→ The problem
Nothing before the line containing "maker's years: 1885-1942" should appear; please restate that line and every later line word for word through the end of the listing.

◆ ◆ ◆

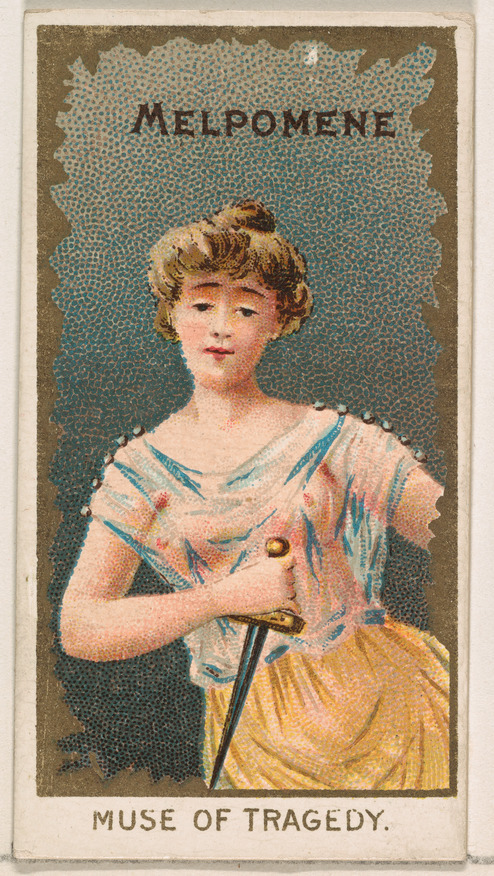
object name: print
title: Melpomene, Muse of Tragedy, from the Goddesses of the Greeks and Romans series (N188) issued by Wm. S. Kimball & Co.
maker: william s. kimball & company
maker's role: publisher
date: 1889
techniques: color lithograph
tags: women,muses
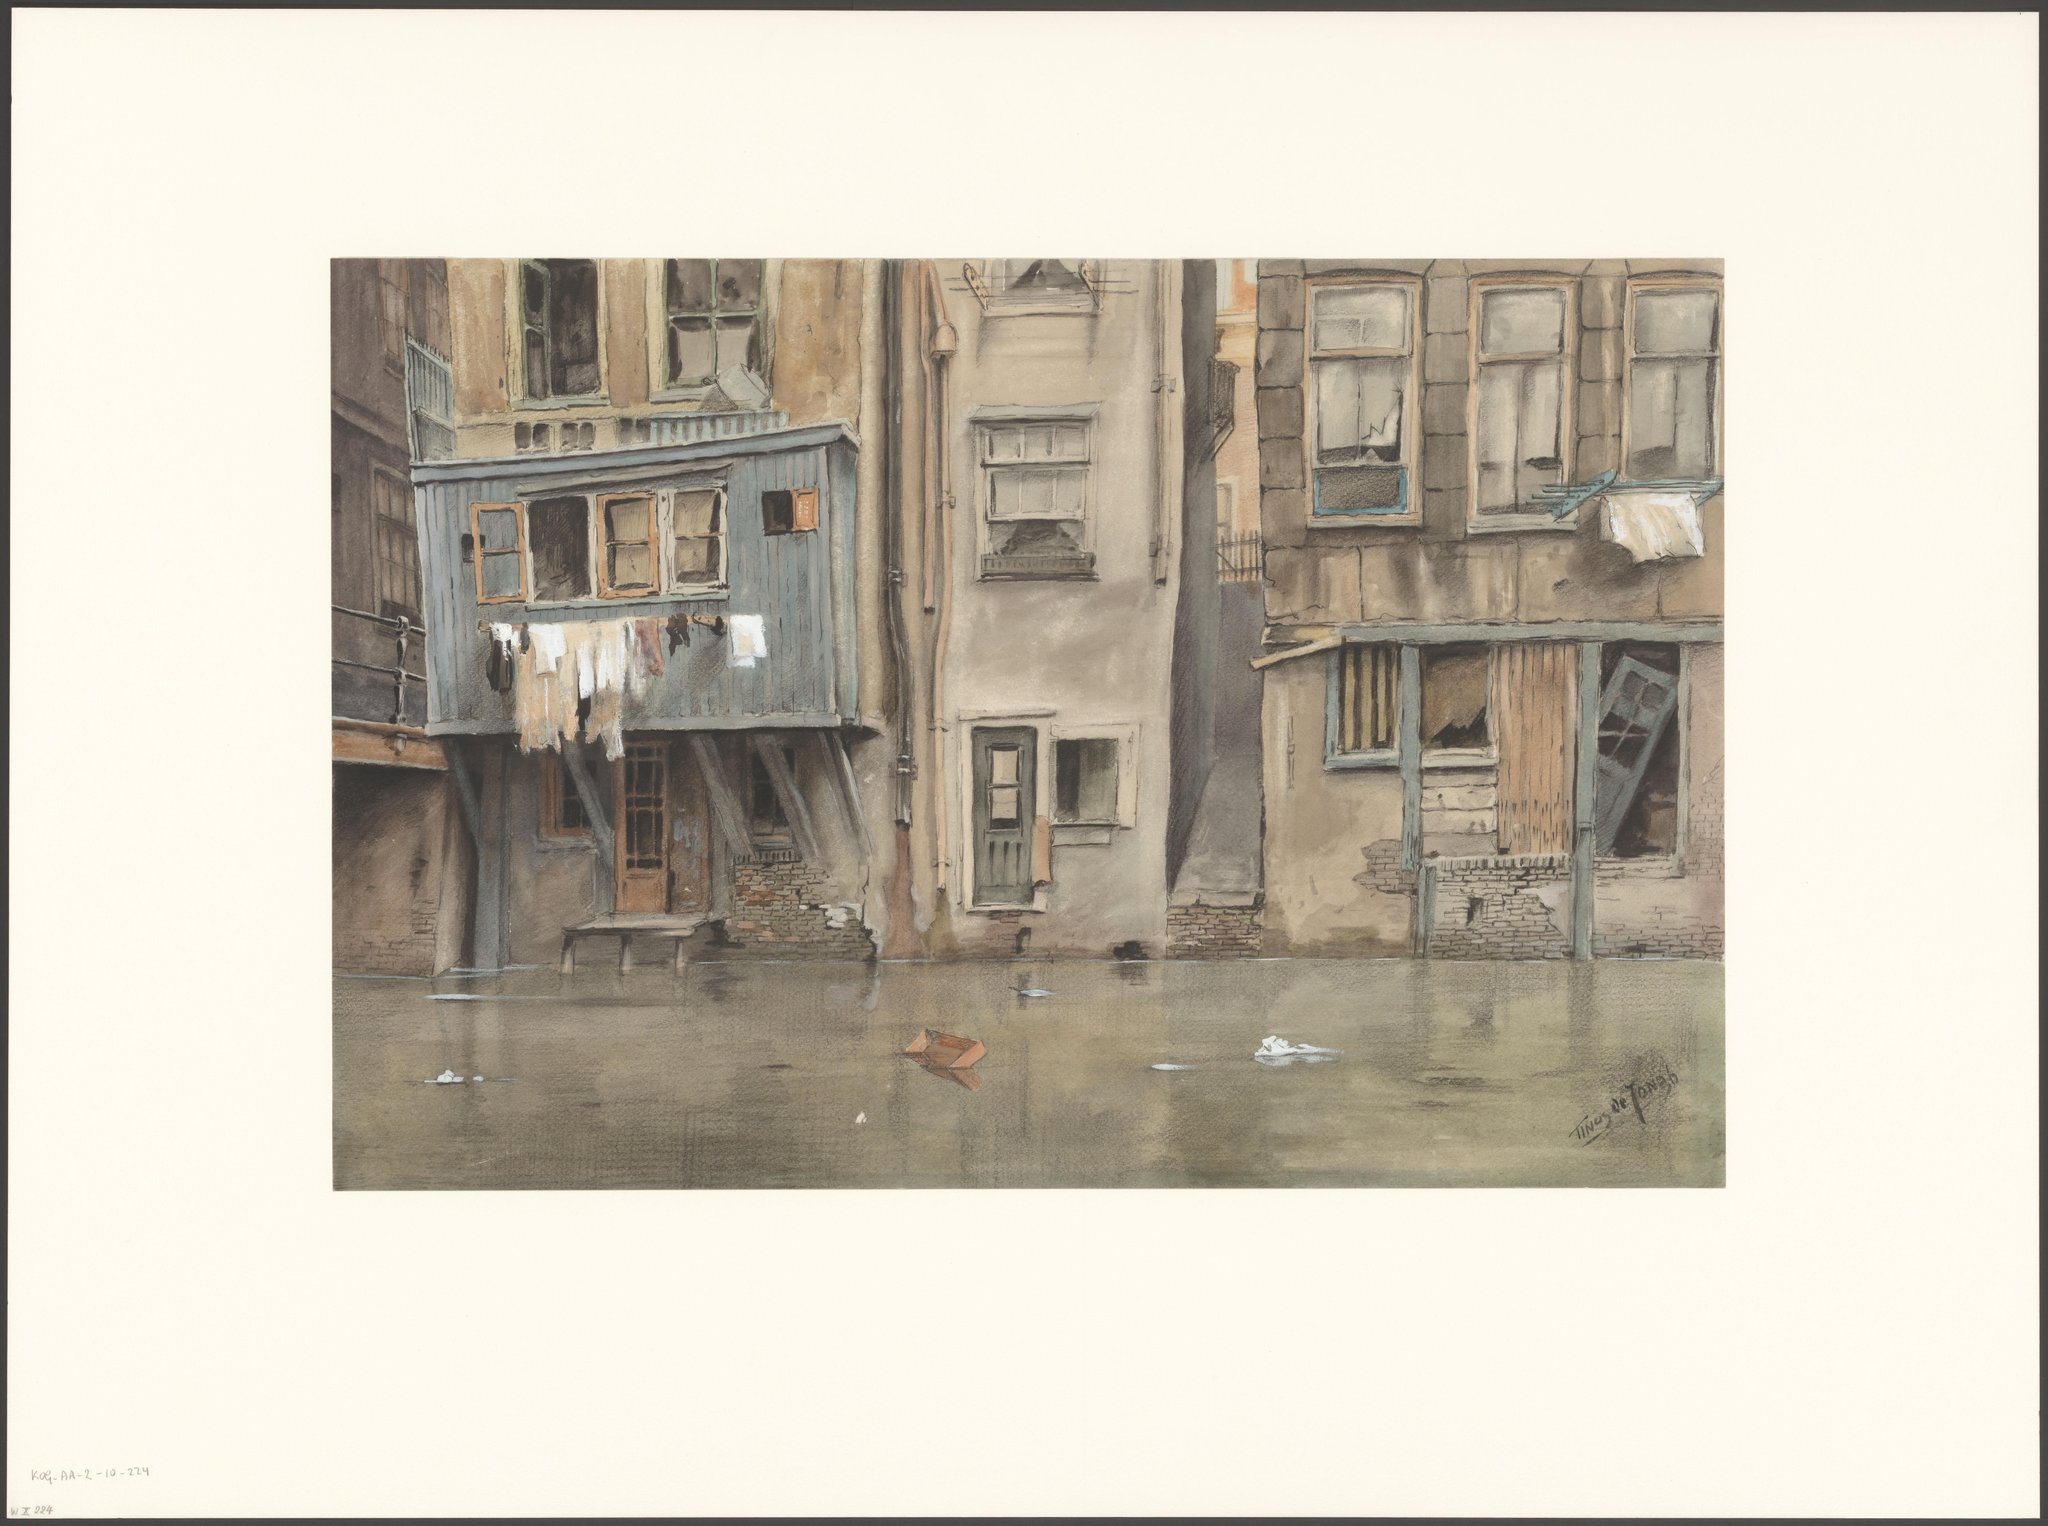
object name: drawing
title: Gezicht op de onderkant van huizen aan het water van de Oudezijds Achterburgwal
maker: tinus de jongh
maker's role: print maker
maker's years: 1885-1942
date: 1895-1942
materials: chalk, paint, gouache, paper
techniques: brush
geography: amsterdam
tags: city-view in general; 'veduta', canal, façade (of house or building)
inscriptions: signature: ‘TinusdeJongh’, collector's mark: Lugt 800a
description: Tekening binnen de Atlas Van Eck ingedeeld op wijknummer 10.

◆ ◆ ◆

→ Written solution
maker's years: 1885-1942
date: 1895-1942
materials: chalk, paint, gouache, paper
techniques: brush
geography: amsterdam
tags: city-view in general; 'veduta', canal, façade (of house or building)
inscriptions: signature: ‘TinusdeJongh’, collector's mark: Lugt 800a
description: Tekening binnen de Atlas Van Eck ingedeeld op wijknummer 10.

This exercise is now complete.